If you have the md5sum tool installed (standard on Linux), verify the files downloaded correctly:

$ cd raw_download/
$ md5sum -c MD5SUM.txt
$ cd ..

There is no need to decompress the files.

Amplicon primers & reference sequences

All the samples were all amplified with a dozen primers (see Table 1). To interpret the data properly you would need a well curated database for each marker - FASTA files are provided to build a rudimentary database.

Files references/*.fasta were compiled by hand on an ad hoc basis to use for pre-trimmed reference databases. They should not be used as is in any serious analysis. In many cases ambiguous matches have been omitted in preference of just species expected in the control mixtures. For example, only recording Brassica napus and Brassica oleracea despite some markers being shared by Brassica juncea or Brassica nigra etc. In more extreme cases, markers are clearly not even genus specific, but again only the control mixture representative appears - e.g. Carica papaya, Glycine max, Gossypium hirsutum, Lactuca sativa, Solanum lycopersicum. Deliberately reducing the false positives from these ambiguous marker sequences was done for illustrative purposes only.

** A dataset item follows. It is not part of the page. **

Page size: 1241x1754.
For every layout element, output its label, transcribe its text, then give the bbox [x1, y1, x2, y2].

Note that false positives remain, for example an ITS2 sequence most likely from Lactuca sativa in the control mixture is just one base pair away from a published sequence from that species (KM210323.1), but perfectly matches published sequences from Lactuca altaica, L. serriola and L. virosa.

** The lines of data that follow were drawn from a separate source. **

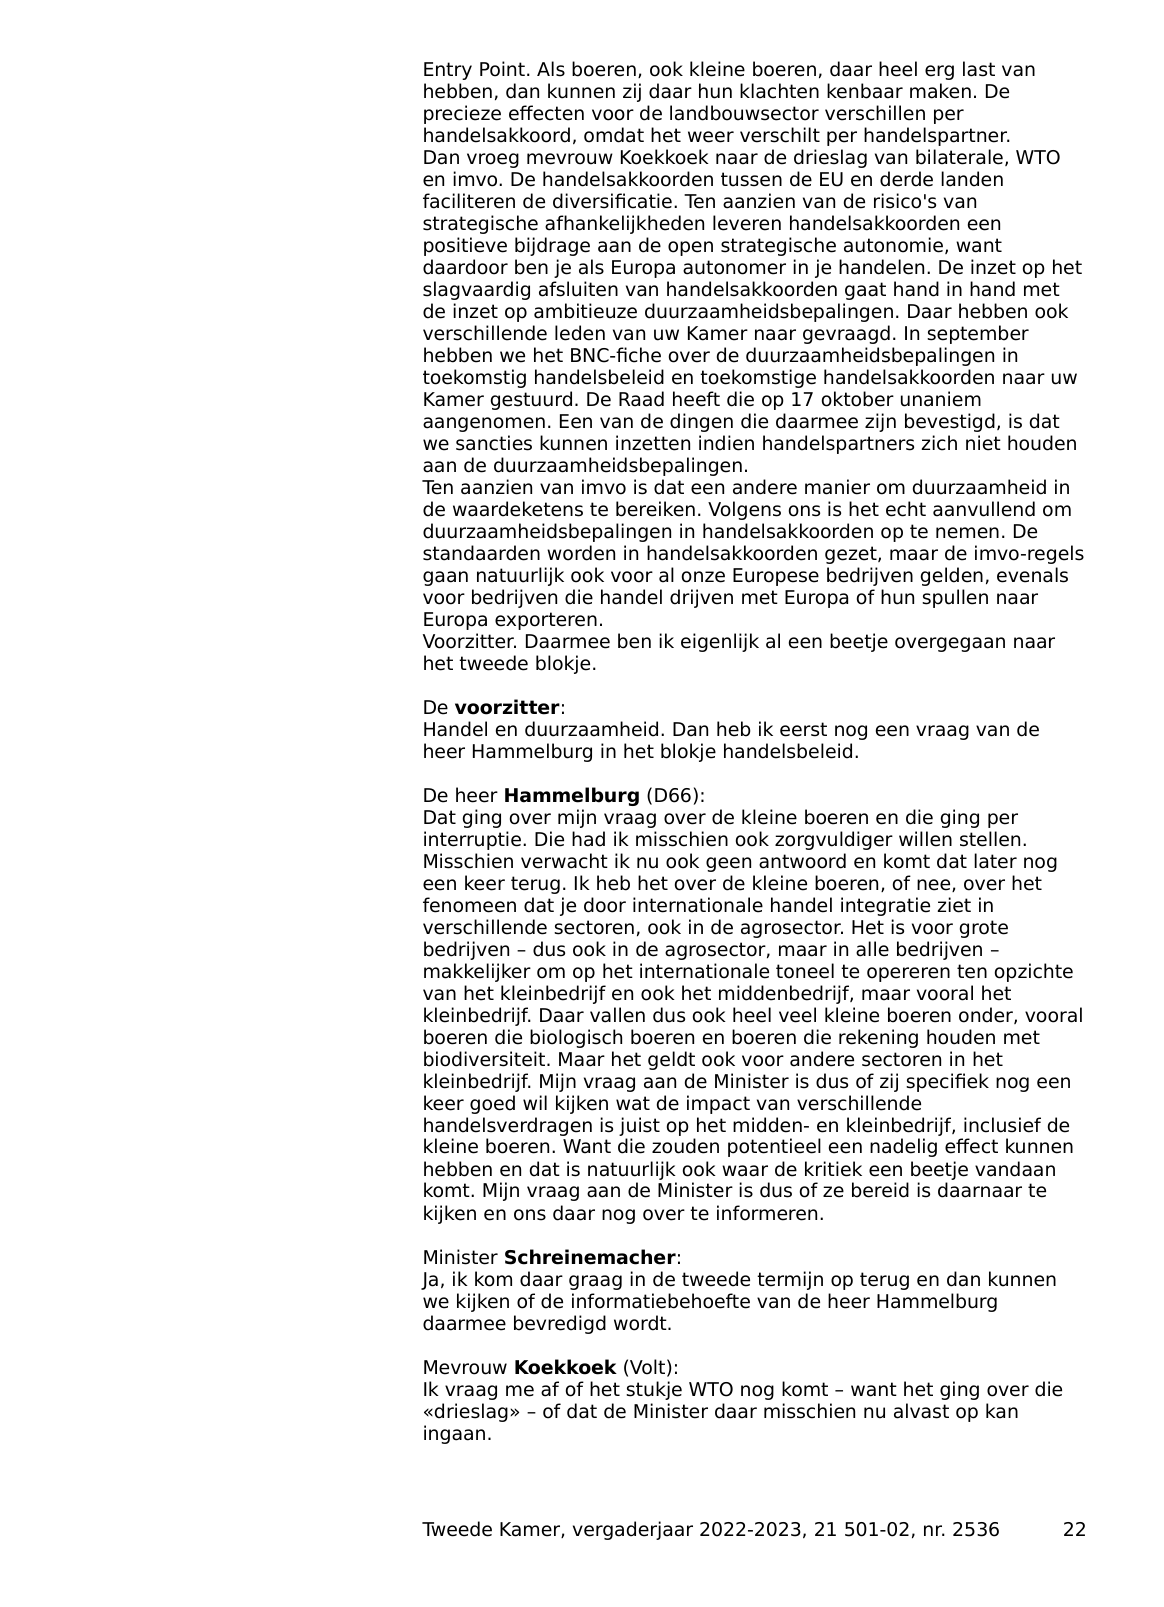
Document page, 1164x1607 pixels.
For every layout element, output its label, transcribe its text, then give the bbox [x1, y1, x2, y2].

text De voorzitter: [422, 697, 1087, 719]
text De heer Hammelburg (D66): [422, 785, 1087, 807]
text Ik vraag me af of het stukje WTO nog komt – want het ging over die «drieslag» – of dat de Minister daar misschien nu alvast op kan ingaan. [422, 1379, 1087, 1444]
text Handel en duurzaamheid. Dan heb ik eerst nog een vraag van de heer Hammelburg in het blokje handelsbeleid. [422, 719, 1087, 763]
text Dat ging over mijn vraag over de kleine boeren en die ging per interruptie. Die had ik misschien ook zorgvuldiger willen stellen. Misschien verwacht ik nu ook geen antwoord en komt dat later nog een keer terug. Ik heb het over de kleine boeren, of nee, over het fenomeen dat je door internationale handel integratie ziet in verschillende sectoren, ook in de agrosector. Het is voor grote bedrijven – dus ook in de agrosector, maar in alle bedrijven – makkelijker om op het internationale toneel te opereren ten opzichte van het kleinbedrijf en ook het middenbedrijf, maar vooral het kleinbedrijf. Daar vallen dus ook heel veel kleine boeren onder, vooral boeren die biologisch boeren en boeren die rekening houden met biodiversiteit. Maar het geldt ook voor andere sectoren in het kleinbedrijf. Mijn vraag aan de Minister is dus of zij specifiek nog een keer goed wil kijken wat de impact van verschillende handelsverdragen is juist op het midden- en kleinbedrijf, inclusief de kleine boeren. Want die zouden potentieel een nadelig effect kunnen hebben en dat is natuurlijk ook waar de kritiek een beetje vandaan komt. Mijn vraag aan de Minister is dus of ze bereid is daarnaar te kijken en ons daar nog over te informeren. [422, 807, 1087, 1224]
text Entry Point. Als boeren, ook kleine boeren, daar heel erg last van hebben, dan kunnen zij daar hun klachten kenbaar maken. De precieze effecten voor de landbouwsector verschillen per handelsakkoord, omdat het weer verschilt per handelspartner. [422, 59, 1087, 147]
text Voorzitter. Daarmee ben ik eigenlijk al een beetje overgegaan naar het tweede blokje. [422, 631, 1087, 674]
text Ten aanzien van imvo is dat een andere manier om duurzaamheid in de waardeketens te bereiken. Volgens ons is het echt aanvullend om duurzaamheidsbepalingen in handelsakkoorden op te nemen. De standaarden worden in handelsakkoorden gezet, maar de imvo-regels gaan natuurlijk ook voor al onze Europese bedrijven gelden, evenals voor bedrijven die handel drijven met Europa of hun spullen naar Europa exporteren. [422, 477, 1087, 631]
text Mevrouw Koekkoek (Volt): [422, 1357, 1087, 1379]
text Ja, ik kom daar graag in de tweede termijn op terug en dan kunnen we kijken of de informatiebehoefte van de heer Hammelburg daarmee bevredigd wordt. [422, 1268, 1087, 1334]
text Dan vroeg mevrouw Koekkoek naar de drieslag van bilaterale, WTO en imvo. De handelsakkoorden tussen de EU en derde landen faciliteren de diversificatie. Ten aanzien van de risico's van strategische afhankelijkheden leveren handelsakkoorden een positieve bijdrage aan de open strategische autonomie, want daardoor ben je als Europa autonomer in je handelen. De inzet op het slagvaardig afsluiten van handelsakkoorden gaat hand in hand met de inzet op ambitieuze duurzaamheidsbepalingen. Daar hebben ook verschillende leden van uw Kamer naar gevraagd. In september hebben we het BNC-fiche over de duurzaamheidsbepalingen in toekomstig handelsbeleid en toekomstige handelsakkoorden naar uw Kamer gestuurd. De Raad heeft die op 17 oktober unaniem aangenomen. Een van de dingen die daarmee zijn bevestigd, is dat we sancties kunnen inzetten indien handelspartners zich niet houden aan de duurzaamheidsbepalingen. [422, 147, 1087, 477]
text Minister Schreinemacher: [422, 1247, 1087, 1268]

The sample metadata on the ENA is minimal, although the NCBI SRA has longer descriptions. For example run ERS1545972 from sample SAMEA80893168 aka EM_1 has title “Experimental mixture 1” but only the NCBI has description “Experimental mixture containing 99% Bos taurus and 1% Lactuca sativa”. Or, run ERS1546502 from sample SAMEA81290668 aka S1_Lab_1 has title “Interlaboratory trial” while the NCBI also has the description “Experimental mixture containing 1% Zea mays, 1% Glycine max, 1% Aloe variegata, 1% Dendrobium sp., 1% Huso Dauricus, 1% Crocodylus niloticus, 47% Brassica oleracea and 47% Bos taurus, in dry weight percentages”.

File PRJEB18620.tsv with the descriptions on the NCBI SRA, supplemented by Table 7, was used to write metadata.tsv, which has the following columns:

  1. run_accessions, e.g. “ERR1824060;ERR1824061;…;ERR1824075”

  2. run_names, e.g. “EM_1” or “S1_Lab_1;S1_Lab_2;…;S1_Lab_16”

  3. group, “Experimental mixture” or “Interlaboratory trial”

  4. sample, e.g. “EM_1” or “S1”

  5. description, e.g. “Experimental mixture containing 1% Zea mays, 1% Glycine max, 1% Aloe variegata, 1% Dendrobium sp., 1% Huso Dauricus, 1% Crocodylus niloticus, 47% Brassica oleracea and 47% Bos taurus, in dry weight percentages.”

Note we have a single row for each set of replicates (two cases in the initial “Experimental mixture” set, and 16 laboratories for each of the 10 “Interlaboratory trial” samples), cross referenced to the individual runs with semi-colon separated lists in columns 1 (accession) and 2 (filename).

When calling THAPBI PICT, the metadata commands are given as follows:

$ thapbi_pict ... -t metadata.tsv -c 3,4,5 -x 2 -g 4

Argument -c 3,4,5 says which columns to display and sort by. This means group, sample, description. Given the sample prefix naming, putting the group first is not essential for sorting, but is logical.

Argument -x 2 indicates the filename stem can be found in column 2. Unlike most of the worked examples, we are not using the accession filenames here.

Argument -g 4 means assign colour bands using sample. This gives 15 thin bands for the “Experimental mixture” set, and then 10 wide bands for the “Interlaboratory trial” samples. By chance the two traditional medicine samples both get wide green bands in the Excel reports.

Other files

Files expected/*.known.tsv were compiled by hand from the species content of the experimental samples (using the PRJEB18620 sample descriptions on the NCBI and Table 7).